Single by Hawk Nelson

from the album Hawk Nelson Is My Friend
- Released: December 24, 2007
- Recorded: May 15, 2005
- Genre: Pop punk, Christian punk
- Length: 2:48 (Album Version), 2:50 (Single Version)
- Label: Tooth & Nail
- Songwriter(s): Hawk Nelson and Trevor McNevan
- Producer(s): Aaron Sprinkle

Hawk Nelson singles chronology
| "Zero" (2006) | "Friend Like That" (2007) | "Live Life Loud" (2009) |

= Friend Like That =

"Friend Like That" is the first single from Hawk Nelson's third album, Hawk Nelson Is My Friend. It was released on Christmas Eve of 2007. This song is on the Digital Praise PC game Guitar Praise. This song was appearing by the compilation album WOW Hits 2009 and his regular versions.

==Release==
"Friend Like That" was released as single through iTunes on December 24, 2007.
In its first week of release to iTunes, the song sold 25,000 digital copies.

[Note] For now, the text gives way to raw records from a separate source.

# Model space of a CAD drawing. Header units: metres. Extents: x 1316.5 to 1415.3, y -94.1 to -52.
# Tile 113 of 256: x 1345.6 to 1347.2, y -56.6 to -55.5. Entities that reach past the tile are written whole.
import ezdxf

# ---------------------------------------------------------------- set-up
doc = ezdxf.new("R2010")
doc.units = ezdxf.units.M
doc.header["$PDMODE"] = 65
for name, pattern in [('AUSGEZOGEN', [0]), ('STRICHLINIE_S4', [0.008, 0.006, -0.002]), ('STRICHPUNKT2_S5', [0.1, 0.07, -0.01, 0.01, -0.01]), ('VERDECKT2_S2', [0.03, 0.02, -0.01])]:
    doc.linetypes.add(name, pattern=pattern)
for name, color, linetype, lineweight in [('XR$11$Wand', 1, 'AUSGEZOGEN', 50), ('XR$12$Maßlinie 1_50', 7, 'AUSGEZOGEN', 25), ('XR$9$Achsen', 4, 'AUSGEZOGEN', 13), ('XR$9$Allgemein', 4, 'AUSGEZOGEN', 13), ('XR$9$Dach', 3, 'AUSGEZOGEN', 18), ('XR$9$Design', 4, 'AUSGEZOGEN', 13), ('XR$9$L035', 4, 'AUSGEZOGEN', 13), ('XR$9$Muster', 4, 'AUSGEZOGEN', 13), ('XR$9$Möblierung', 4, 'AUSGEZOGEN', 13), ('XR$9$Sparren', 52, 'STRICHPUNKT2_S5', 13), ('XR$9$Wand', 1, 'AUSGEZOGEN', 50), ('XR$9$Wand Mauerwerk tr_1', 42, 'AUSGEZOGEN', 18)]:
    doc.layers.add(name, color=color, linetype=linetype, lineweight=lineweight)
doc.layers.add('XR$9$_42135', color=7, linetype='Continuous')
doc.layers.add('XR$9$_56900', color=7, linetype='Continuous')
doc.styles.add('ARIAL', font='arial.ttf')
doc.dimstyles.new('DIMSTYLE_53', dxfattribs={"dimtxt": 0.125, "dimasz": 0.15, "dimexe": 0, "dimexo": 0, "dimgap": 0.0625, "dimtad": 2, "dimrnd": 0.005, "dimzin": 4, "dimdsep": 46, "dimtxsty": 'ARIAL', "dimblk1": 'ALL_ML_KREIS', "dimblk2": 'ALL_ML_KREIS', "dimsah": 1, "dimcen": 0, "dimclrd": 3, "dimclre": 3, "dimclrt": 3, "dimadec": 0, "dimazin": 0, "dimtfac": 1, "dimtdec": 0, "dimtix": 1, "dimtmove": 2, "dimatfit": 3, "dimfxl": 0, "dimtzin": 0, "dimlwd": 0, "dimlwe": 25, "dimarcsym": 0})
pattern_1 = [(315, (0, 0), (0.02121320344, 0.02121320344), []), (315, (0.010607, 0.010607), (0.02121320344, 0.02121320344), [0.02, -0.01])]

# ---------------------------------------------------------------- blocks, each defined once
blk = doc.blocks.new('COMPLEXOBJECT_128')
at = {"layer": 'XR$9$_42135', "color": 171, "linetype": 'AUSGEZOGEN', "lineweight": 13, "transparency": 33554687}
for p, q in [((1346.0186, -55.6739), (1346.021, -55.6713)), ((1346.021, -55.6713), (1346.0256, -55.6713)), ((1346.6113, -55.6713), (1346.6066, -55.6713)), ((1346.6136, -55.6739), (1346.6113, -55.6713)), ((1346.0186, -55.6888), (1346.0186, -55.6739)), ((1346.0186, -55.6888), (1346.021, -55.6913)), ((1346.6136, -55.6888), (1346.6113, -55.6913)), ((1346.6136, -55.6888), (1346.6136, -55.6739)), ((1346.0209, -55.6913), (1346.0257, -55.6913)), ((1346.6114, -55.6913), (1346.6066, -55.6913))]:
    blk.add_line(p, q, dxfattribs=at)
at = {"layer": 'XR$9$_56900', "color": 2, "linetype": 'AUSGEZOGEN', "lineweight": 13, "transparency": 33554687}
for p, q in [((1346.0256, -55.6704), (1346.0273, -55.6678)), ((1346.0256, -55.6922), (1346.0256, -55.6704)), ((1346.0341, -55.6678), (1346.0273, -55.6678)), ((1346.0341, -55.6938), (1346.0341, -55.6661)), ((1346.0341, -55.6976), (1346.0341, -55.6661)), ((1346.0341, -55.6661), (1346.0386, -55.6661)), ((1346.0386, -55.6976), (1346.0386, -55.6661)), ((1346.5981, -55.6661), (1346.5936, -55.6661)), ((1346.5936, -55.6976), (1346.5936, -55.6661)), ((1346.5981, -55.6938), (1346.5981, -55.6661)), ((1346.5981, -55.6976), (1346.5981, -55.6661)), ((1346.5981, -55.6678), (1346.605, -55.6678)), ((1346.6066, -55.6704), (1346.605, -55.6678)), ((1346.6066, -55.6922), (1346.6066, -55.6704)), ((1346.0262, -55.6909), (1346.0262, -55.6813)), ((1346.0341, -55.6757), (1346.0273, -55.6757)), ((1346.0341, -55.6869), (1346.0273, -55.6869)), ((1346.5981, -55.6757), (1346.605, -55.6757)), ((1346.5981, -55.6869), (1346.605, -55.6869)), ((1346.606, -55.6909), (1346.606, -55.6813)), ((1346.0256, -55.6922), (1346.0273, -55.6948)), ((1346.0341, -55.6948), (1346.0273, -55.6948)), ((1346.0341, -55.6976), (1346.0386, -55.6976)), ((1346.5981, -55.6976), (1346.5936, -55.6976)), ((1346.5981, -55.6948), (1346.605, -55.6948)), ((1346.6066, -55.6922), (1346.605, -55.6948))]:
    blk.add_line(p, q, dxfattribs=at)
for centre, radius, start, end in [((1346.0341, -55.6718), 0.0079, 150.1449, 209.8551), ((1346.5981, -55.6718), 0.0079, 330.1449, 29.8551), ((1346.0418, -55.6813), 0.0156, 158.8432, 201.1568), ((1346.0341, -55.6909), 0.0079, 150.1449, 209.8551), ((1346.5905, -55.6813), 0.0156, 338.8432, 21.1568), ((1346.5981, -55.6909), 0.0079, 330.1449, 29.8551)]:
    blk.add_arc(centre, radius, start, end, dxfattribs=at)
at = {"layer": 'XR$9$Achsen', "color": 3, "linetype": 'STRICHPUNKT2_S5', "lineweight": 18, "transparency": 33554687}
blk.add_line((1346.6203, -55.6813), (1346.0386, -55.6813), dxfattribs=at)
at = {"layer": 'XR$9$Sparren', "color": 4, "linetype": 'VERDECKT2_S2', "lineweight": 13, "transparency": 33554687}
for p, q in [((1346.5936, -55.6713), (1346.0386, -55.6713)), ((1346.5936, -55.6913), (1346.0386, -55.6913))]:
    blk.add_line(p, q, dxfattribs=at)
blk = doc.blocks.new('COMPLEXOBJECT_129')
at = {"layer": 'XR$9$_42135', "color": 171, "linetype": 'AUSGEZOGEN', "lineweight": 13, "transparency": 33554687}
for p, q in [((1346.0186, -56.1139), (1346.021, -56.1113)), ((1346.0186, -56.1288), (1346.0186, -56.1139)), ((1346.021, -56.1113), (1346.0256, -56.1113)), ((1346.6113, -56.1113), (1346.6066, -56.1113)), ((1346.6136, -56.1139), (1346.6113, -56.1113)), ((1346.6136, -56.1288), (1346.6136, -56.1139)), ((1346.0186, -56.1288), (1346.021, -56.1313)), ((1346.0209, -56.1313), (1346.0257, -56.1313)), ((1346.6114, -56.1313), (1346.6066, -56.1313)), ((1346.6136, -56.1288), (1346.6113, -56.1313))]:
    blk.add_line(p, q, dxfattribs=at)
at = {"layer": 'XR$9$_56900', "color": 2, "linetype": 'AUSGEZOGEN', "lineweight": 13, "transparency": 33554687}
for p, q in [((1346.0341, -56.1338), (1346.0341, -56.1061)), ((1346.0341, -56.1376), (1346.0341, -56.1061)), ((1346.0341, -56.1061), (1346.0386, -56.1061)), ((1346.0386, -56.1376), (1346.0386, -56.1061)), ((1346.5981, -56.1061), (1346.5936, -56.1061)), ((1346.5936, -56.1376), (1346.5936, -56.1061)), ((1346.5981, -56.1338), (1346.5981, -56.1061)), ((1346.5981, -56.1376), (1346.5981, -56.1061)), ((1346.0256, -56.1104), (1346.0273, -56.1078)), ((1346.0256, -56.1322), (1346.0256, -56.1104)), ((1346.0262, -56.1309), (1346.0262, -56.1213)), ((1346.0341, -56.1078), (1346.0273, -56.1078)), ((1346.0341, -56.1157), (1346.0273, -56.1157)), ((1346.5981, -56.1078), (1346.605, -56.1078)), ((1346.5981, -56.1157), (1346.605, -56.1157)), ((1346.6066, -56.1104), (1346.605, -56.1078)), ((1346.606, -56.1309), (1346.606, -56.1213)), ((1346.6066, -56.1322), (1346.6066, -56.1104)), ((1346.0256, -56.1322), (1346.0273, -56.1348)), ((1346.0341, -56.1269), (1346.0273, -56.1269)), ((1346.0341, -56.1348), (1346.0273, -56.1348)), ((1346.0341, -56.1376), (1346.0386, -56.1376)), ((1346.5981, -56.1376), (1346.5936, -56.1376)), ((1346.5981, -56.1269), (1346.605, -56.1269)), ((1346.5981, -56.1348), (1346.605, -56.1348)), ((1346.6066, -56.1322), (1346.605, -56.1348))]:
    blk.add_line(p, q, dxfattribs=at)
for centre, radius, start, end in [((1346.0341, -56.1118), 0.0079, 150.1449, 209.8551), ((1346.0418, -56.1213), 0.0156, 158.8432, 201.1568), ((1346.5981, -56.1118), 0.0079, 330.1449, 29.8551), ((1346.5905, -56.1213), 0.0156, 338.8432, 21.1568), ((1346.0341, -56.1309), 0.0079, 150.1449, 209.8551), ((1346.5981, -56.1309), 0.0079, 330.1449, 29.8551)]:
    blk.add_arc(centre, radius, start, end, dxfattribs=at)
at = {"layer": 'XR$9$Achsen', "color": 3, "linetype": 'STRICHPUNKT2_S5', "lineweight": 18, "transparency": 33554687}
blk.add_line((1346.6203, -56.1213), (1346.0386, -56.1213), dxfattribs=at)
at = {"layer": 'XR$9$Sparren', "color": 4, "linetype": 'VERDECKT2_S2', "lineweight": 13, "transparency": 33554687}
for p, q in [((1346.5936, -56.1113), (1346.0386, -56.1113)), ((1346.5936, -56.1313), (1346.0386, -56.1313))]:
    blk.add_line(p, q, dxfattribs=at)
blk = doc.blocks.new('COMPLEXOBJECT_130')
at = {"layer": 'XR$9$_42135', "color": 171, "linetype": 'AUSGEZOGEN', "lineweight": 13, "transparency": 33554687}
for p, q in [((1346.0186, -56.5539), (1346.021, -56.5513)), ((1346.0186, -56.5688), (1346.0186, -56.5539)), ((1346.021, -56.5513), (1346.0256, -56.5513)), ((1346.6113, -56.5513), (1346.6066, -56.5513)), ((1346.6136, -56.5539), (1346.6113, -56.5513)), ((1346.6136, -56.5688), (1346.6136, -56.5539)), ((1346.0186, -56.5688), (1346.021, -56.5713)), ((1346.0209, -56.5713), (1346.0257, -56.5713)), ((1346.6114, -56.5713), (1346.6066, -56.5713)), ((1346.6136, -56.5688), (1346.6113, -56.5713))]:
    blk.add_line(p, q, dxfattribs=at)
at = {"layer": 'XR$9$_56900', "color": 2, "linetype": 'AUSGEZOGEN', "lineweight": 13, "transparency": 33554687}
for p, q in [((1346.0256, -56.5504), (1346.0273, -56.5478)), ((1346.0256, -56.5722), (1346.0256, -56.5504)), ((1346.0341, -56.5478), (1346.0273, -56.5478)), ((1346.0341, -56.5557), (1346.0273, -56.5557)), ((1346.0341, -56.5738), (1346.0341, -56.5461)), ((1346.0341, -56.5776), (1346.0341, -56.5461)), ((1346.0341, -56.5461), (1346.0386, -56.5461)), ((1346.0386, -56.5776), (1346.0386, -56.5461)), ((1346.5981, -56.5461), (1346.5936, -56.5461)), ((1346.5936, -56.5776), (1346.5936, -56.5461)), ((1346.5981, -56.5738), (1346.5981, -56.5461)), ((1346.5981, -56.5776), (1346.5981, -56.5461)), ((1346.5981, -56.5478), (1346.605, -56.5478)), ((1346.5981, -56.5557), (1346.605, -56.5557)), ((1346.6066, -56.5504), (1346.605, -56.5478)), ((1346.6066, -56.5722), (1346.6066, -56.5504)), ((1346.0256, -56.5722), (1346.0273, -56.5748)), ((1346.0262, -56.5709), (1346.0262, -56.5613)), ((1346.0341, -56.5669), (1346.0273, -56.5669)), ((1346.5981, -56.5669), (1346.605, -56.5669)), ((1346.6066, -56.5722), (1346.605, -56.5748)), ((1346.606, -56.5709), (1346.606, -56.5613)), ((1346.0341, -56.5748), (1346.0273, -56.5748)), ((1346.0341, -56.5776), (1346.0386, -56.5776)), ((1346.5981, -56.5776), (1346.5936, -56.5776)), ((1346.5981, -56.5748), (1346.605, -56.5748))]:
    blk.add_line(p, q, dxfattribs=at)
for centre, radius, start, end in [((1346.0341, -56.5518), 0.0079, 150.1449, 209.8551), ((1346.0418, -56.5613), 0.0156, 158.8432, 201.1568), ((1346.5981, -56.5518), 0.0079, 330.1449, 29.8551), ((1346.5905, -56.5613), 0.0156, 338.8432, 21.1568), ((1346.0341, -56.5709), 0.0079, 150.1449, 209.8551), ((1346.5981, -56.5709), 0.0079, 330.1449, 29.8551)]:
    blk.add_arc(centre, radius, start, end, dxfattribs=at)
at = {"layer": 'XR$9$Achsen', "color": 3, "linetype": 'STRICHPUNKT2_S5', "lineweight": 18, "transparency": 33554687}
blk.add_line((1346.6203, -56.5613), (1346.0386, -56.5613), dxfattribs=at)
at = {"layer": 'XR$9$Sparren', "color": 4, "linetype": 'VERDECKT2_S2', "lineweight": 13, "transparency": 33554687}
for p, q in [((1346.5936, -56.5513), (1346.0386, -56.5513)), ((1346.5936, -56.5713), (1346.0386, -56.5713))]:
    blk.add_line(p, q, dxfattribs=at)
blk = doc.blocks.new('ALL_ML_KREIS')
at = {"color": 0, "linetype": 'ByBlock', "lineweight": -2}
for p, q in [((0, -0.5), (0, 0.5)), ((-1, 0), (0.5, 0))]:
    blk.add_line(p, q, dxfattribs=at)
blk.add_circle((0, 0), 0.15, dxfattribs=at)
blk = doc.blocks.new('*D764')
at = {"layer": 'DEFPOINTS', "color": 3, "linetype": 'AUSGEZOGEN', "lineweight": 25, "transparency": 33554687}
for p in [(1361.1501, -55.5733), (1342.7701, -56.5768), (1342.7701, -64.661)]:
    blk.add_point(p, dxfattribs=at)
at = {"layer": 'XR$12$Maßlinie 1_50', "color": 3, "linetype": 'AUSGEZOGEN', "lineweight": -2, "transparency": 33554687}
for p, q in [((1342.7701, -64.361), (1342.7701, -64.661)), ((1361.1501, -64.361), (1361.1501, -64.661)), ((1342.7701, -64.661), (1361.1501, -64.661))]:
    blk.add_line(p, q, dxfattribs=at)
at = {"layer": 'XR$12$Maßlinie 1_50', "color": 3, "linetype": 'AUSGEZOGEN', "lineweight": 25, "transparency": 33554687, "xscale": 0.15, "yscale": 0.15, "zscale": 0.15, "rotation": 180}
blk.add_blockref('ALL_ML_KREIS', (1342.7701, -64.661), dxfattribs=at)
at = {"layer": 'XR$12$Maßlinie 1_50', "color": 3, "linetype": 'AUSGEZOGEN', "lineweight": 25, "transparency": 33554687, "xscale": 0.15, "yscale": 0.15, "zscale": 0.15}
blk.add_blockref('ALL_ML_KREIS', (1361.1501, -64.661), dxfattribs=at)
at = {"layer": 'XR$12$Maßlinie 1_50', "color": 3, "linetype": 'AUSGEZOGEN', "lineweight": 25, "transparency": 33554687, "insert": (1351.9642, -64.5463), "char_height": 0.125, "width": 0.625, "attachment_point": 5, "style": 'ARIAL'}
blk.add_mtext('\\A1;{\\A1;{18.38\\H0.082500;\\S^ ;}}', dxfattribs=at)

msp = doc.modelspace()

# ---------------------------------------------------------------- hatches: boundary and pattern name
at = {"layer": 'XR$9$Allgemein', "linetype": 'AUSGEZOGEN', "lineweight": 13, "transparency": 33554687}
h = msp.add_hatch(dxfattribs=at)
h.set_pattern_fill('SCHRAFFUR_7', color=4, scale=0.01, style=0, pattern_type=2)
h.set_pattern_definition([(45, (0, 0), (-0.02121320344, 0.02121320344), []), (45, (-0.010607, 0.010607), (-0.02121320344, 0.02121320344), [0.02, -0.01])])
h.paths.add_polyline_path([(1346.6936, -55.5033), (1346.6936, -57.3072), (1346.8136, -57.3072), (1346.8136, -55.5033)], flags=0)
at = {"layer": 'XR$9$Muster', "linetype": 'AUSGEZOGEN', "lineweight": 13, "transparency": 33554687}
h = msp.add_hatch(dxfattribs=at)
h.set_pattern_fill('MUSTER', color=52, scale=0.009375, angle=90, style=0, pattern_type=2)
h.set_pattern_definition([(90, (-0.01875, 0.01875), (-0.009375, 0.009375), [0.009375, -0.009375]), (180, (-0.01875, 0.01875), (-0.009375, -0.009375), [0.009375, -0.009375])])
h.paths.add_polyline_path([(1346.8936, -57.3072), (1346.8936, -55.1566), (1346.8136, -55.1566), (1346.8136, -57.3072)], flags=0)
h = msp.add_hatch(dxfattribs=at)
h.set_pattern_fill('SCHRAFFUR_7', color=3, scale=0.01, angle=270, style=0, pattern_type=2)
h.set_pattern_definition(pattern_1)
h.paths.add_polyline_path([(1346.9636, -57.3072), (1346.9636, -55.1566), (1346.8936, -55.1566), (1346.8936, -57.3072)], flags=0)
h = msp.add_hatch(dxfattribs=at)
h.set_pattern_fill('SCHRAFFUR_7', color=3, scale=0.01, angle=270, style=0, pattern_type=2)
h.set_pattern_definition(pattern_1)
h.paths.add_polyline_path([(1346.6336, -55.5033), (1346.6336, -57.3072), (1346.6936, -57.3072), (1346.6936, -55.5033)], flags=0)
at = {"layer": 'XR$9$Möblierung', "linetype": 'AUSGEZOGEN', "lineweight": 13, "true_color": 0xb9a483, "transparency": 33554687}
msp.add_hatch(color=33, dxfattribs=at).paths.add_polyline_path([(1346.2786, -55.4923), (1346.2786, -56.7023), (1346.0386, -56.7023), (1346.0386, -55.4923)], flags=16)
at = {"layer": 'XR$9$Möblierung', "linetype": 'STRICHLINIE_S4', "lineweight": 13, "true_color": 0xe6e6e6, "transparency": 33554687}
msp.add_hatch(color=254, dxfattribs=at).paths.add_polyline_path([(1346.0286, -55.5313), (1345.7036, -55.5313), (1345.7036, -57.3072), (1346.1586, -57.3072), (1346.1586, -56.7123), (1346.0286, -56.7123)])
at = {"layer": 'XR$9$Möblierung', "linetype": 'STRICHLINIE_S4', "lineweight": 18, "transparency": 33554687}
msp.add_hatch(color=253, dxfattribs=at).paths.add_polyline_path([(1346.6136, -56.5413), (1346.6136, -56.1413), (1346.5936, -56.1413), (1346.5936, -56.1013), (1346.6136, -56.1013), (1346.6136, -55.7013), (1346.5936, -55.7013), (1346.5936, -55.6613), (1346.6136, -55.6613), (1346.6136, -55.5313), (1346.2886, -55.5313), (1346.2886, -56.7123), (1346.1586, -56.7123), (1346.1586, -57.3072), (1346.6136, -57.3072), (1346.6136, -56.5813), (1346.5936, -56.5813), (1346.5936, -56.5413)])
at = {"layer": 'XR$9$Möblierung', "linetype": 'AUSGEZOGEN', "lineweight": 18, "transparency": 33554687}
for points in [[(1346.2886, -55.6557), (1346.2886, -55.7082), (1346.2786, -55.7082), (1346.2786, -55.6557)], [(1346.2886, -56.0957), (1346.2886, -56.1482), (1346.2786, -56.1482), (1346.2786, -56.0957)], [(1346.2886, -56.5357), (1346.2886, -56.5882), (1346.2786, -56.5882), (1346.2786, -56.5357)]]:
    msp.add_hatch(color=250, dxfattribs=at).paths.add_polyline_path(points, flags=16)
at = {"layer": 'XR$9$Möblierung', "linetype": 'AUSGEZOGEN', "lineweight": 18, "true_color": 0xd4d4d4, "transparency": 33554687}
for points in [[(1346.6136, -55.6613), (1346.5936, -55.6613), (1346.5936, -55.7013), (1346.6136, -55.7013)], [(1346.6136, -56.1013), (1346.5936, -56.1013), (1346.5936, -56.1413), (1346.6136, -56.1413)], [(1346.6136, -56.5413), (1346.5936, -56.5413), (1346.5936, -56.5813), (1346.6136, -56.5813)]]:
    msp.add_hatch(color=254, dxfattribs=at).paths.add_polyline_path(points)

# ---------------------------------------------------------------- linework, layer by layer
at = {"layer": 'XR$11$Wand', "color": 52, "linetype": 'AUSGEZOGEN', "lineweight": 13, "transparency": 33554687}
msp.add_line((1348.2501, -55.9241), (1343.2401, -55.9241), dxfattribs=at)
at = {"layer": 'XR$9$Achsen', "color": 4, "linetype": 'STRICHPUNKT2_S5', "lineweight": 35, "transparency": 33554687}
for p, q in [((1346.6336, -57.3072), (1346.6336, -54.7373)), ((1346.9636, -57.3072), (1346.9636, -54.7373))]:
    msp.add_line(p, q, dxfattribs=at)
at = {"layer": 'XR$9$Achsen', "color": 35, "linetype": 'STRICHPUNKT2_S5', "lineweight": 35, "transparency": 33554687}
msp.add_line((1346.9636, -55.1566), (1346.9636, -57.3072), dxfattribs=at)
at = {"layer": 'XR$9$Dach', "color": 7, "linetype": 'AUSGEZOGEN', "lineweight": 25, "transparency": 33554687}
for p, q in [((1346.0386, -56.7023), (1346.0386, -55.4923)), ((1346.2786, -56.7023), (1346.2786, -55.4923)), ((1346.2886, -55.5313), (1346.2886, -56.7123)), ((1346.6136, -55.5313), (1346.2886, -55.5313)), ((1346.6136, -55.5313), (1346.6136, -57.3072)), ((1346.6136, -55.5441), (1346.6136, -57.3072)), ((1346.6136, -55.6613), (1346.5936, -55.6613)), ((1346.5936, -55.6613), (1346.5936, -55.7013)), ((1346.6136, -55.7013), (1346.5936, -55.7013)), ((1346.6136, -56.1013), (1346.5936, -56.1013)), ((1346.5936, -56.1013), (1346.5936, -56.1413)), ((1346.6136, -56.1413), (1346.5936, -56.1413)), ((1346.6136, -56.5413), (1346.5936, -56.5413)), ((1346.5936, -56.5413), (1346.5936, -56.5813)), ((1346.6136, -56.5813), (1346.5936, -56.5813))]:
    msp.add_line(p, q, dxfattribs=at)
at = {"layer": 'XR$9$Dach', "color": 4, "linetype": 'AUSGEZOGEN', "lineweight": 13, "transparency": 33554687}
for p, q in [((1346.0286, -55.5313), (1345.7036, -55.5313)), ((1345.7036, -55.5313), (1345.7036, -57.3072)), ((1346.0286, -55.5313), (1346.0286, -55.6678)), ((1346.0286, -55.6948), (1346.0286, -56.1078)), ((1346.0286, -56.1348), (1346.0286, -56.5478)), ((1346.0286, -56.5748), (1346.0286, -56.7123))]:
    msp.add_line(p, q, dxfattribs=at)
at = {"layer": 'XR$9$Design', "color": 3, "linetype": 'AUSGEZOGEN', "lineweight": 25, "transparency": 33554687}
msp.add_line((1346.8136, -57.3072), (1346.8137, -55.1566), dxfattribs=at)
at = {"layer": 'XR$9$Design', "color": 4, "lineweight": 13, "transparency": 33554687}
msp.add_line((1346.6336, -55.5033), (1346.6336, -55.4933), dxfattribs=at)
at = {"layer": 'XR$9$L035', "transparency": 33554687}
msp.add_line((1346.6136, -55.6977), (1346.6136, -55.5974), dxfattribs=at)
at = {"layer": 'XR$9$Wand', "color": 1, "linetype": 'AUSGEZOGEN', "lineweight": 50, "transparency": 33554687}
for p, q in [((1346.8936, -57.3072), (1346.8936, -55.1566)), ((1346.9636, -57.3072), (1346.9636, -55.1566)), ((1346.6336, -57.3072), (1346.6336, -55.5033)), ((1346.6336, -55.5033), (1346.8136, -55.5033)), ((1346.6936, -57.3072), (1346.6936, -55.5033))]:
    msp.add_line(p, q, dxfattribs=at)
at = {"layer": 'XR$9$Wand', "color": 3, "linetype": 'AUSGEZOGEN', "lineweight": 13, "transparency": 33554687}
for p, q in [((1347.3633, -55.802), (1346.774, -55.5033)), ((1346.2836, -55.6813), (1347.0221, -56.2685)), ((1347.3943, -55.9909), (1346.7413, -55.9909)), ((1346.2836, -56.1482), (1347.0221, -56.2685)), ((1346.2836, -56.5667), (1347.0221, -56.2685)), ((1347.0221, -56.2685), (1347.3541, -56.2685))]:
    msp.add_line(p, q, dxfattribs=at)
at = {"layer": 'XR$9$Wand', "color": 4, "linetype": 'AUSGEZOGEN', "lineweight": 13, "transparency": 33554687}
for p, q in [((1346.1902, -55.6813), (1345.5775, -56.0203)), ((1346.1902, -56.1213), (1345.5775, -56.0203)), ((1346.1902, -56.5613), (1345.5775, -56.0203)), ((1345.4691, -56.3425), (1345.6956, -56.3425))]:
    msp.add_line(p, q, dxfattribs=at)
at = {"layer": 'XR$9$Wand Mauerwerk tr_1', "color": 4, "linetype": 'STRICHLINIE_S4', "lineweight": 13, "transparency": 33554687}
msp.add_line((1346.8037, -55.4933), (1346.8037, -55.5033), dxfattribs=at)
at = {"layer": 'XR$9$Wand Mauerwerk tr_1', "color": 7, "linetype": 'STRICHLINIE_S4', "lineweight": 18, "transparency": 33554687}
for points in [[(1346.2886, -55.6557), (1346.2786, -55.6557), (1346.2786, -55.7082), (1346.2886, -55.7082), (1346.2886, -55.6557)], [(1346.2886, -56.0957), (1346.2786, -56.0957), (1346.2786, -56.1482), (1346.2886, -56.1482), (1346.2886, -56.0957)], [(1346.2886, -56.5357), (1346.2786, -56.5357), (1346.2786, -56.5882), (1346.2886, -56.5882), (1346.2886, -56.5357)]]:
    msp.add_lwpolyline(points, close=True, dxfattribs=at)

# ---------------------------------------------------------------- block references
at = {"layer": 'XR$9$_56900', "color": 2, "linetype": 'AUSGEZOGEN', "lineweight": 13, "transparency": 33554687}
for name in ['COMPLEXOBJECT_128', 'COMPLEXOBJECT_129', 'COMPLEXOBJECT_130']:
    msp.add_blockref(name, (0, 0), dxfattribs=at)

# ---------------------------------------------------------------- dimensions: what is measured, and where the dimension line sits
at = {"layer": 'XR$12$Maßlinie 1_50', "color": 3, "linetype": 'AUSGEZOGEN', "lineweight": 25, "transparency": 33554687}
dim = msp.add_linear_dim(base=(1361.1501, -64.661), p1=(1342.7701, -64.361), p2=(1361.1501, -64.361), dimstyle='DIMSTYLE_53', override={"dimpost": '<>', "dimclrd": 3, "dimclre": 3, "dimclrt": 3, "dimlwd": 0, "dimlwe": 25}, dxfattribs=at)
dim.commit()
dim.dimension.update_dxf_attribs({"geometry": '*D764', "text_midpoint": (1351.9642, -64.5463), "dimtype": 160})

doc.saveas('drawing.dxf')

In the week of March 19, 2008, "Friend Like That" was at #5 on R&R's Christian CHR chart, and had jumped to the #3 position on the Christian rock songs chart. It ended 2008 as the eleventh most-played song on R&R magazine's Christian CHR chart for the year.

==Style==
Allmusic reviewer Rick Anderson called the song "charmingly goofy. ['Friend Like That'] acts as the distilled essence of the band's trademark approach: slightly whimsical lyrics, a shout-along chorus, and a song that somehow adds up to more than the sum of its parts."

==Music video==
In the music video for "Friend Like That", the band members are in a cartoon world, populated by characters and scenery also seen on the cover art and "board game" in the special-edition version of the album Hawk Nelson Is My Friend. Lead singer Jason Dunn is singing as he runs, while the others wait patiently for him to reach the group. He finally comes and they drive off. After stopping off, they enter a building and find themselves playing a live concert on stage.